Exercise objective:
Restrict the output to the lines below starting at the one that contains "Document page, 1241x1754 pixels." and ending at the one that contains "Identify the document", and restate them word for word, both ends included.

Given records:
^^^^^^^^

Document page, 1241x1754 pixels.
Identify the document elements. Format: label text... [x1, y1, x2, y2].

^^^^^^^^

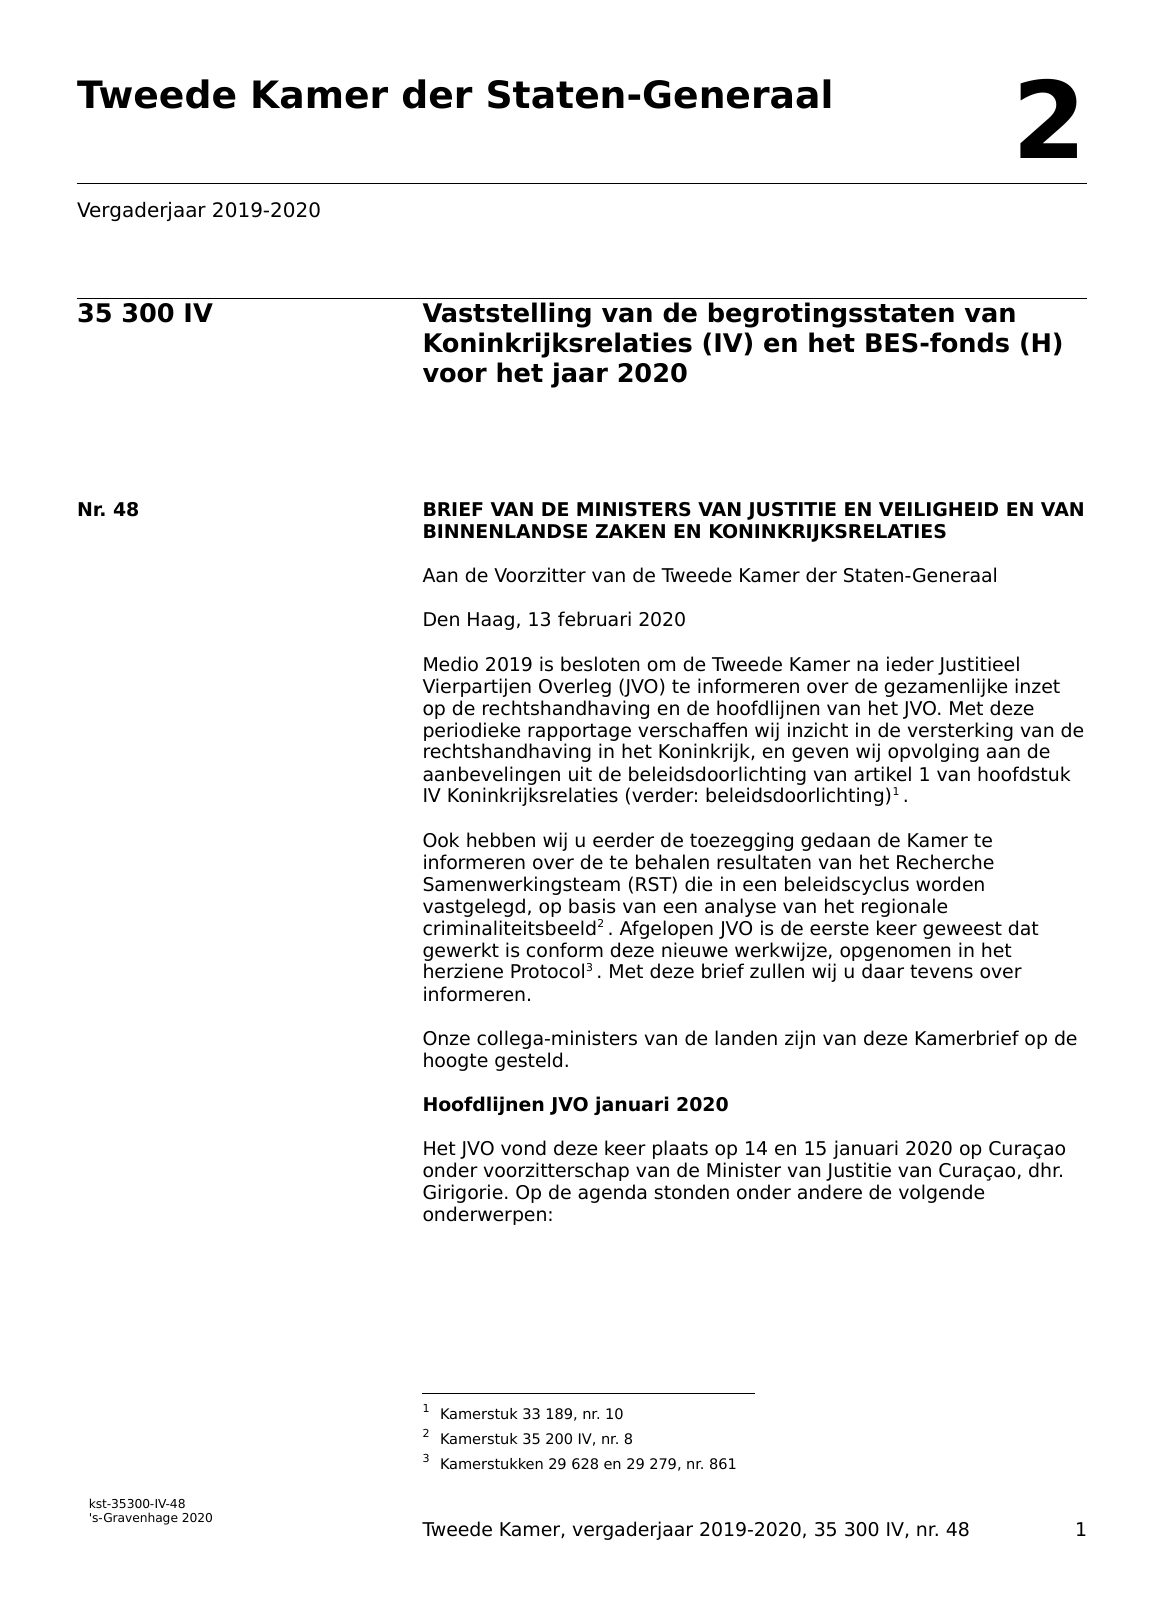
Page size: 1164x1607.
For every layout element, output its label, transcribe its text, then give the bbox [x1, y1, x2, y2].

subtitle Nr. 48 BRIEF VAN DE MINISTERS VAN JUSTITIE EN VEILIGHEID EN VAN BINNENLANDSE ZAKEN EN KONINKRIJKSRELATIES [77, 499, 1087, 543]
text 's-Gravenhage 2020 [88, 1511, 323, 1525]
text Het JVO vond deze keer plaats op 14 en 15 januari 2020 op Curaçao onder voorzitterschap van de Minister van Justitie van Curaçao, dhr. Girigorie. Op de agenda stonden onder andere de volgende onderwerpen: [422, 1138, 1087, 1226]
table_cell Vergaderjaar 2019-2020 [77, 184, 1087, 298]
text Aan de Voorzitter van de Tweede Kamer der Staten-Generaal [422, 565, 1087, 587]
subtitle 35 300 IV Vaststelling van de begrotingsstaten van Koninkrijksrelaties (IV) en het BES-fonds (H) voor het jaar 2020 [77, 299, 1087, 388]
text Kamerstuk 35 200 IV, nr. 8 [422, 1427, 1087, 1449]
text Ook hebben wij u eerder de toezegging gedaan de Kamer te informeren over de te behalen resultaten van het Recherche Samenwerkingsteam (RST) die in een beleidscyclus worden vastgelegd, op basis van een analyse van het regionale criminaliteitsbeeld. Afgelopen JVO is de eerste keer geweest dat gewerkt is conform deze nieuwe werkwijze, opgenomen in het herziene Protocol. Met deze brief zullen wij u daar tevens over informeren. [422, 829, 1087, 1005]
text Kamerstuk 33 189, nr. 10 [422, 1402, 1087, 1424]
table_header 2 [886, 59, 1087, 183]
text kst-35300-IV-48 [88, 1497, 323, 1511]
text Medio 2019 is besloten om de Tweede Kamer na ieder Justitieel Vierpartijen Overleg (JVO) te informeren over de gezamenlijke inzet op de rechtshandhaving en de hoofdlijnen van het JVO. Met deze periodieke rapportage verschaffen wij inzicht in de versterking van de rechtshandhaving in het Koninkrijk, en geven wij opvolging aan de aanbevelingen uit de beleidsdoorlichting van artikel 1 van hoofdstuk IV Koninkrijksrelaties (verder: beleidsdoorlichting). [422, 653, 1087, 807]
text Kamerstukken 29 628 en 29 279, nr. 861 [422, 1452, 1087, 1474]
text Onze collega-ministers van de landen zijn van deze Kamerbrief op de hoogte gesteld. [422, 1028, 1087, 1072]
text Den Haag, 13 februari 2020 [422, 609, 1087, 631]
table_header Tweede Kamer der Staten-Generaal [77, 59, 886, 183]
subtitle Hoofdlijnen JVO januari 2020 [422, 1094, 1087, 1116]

^^^^^^^^

Answer:
Document page, 1241x1754 pixels.
Identify the document elements. Format: label text... [x1, y1, x2, y2].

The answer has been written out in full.